== Segment start ==

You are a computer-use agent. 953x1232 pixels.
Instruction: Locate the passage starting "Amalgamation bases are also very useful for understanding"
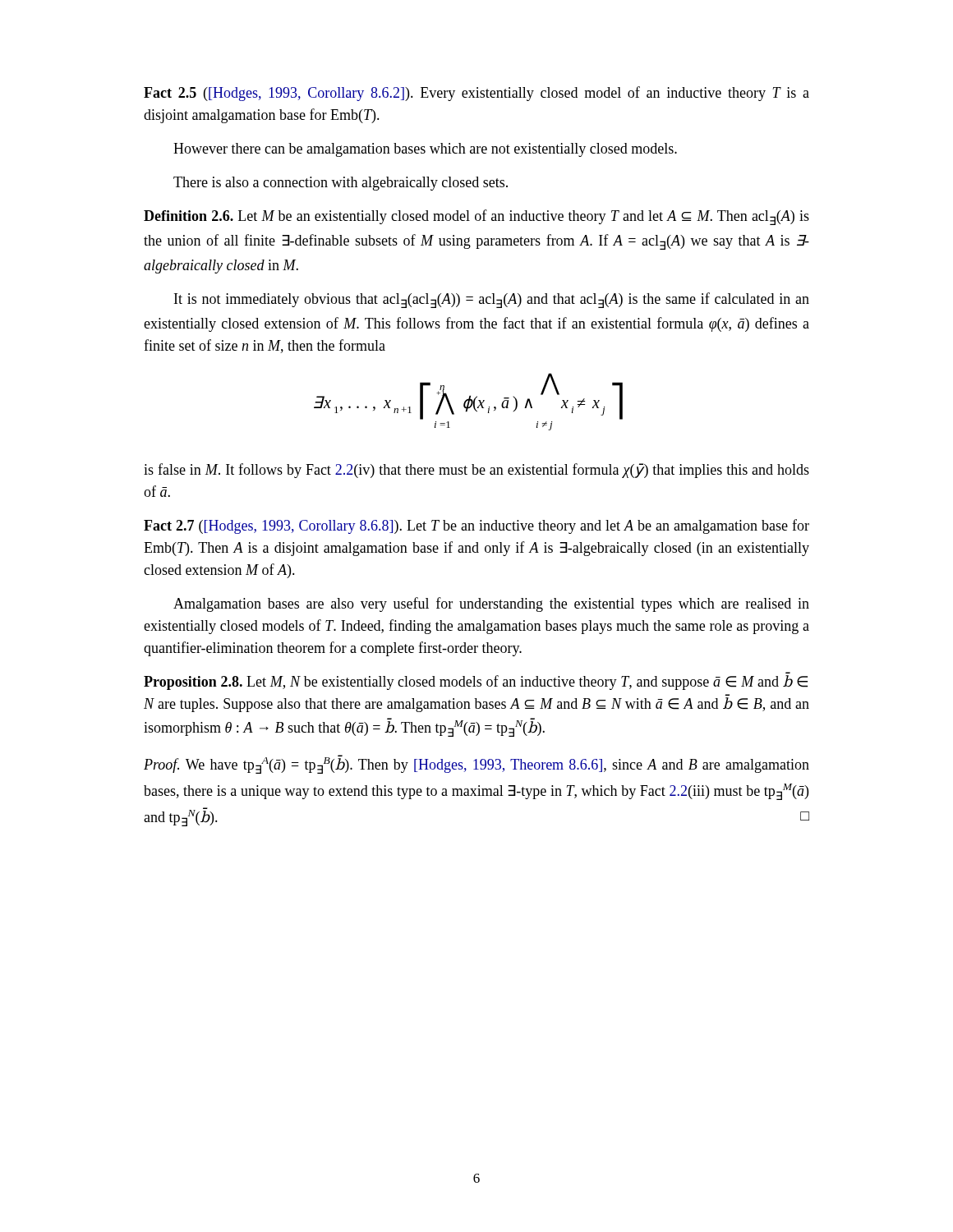476,626
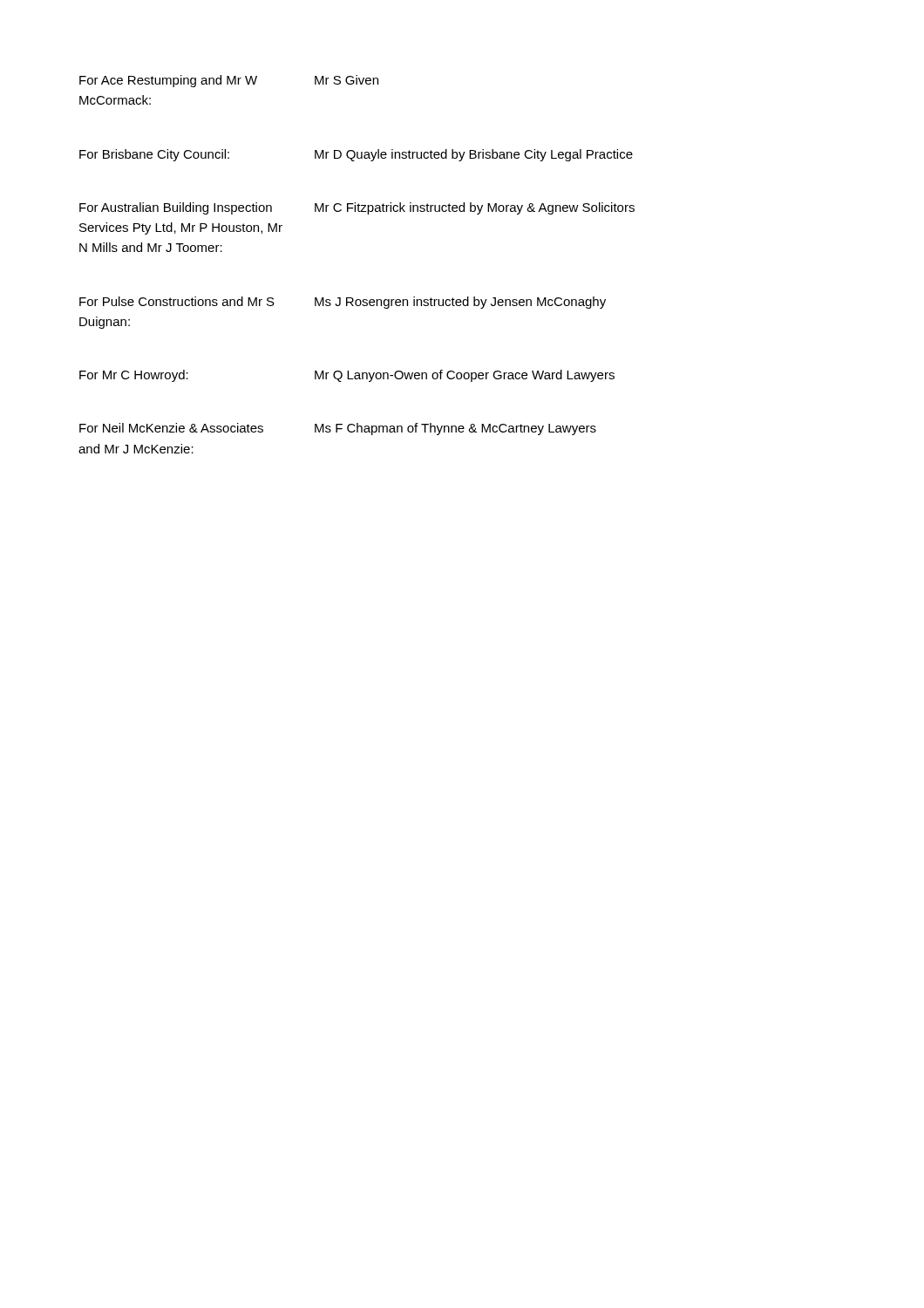Find the block on this page that starts "For Pulse Constructions and Mr"
The height and width of the screenshot is (1308, 924).
177,311
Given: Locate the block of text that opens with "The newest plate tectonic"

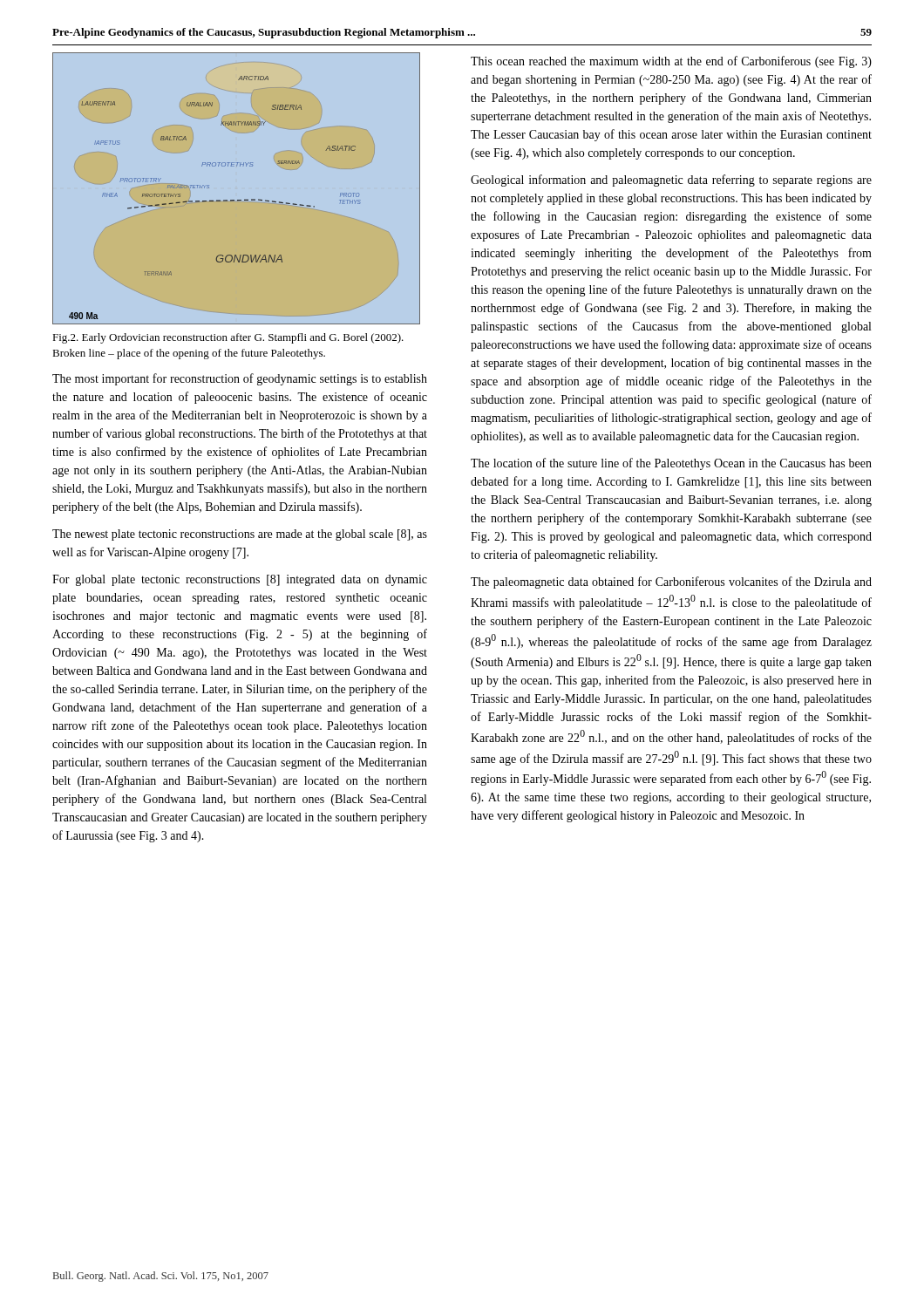Looking at the screenshot, I should 240,544.

== Segment end ==

▶ [What you will do]: Although the records contain pictures, return only their text, exactly as written.

▶ [Exercise solution]:
You are a computer-use agent. 953x1232 pixels.
Instruction: Locate the passage starting "Amalgamation bases are also very useful for understanding"
476,626
Find the block on this page that starts "For Pulse Constructions and Mr"
The height and width of the screenshot is (1308, 924).
177,311
Given: Locate the block of text that opens with "The newest plate tectonic"

Looking at the screenshot, I should 240,544.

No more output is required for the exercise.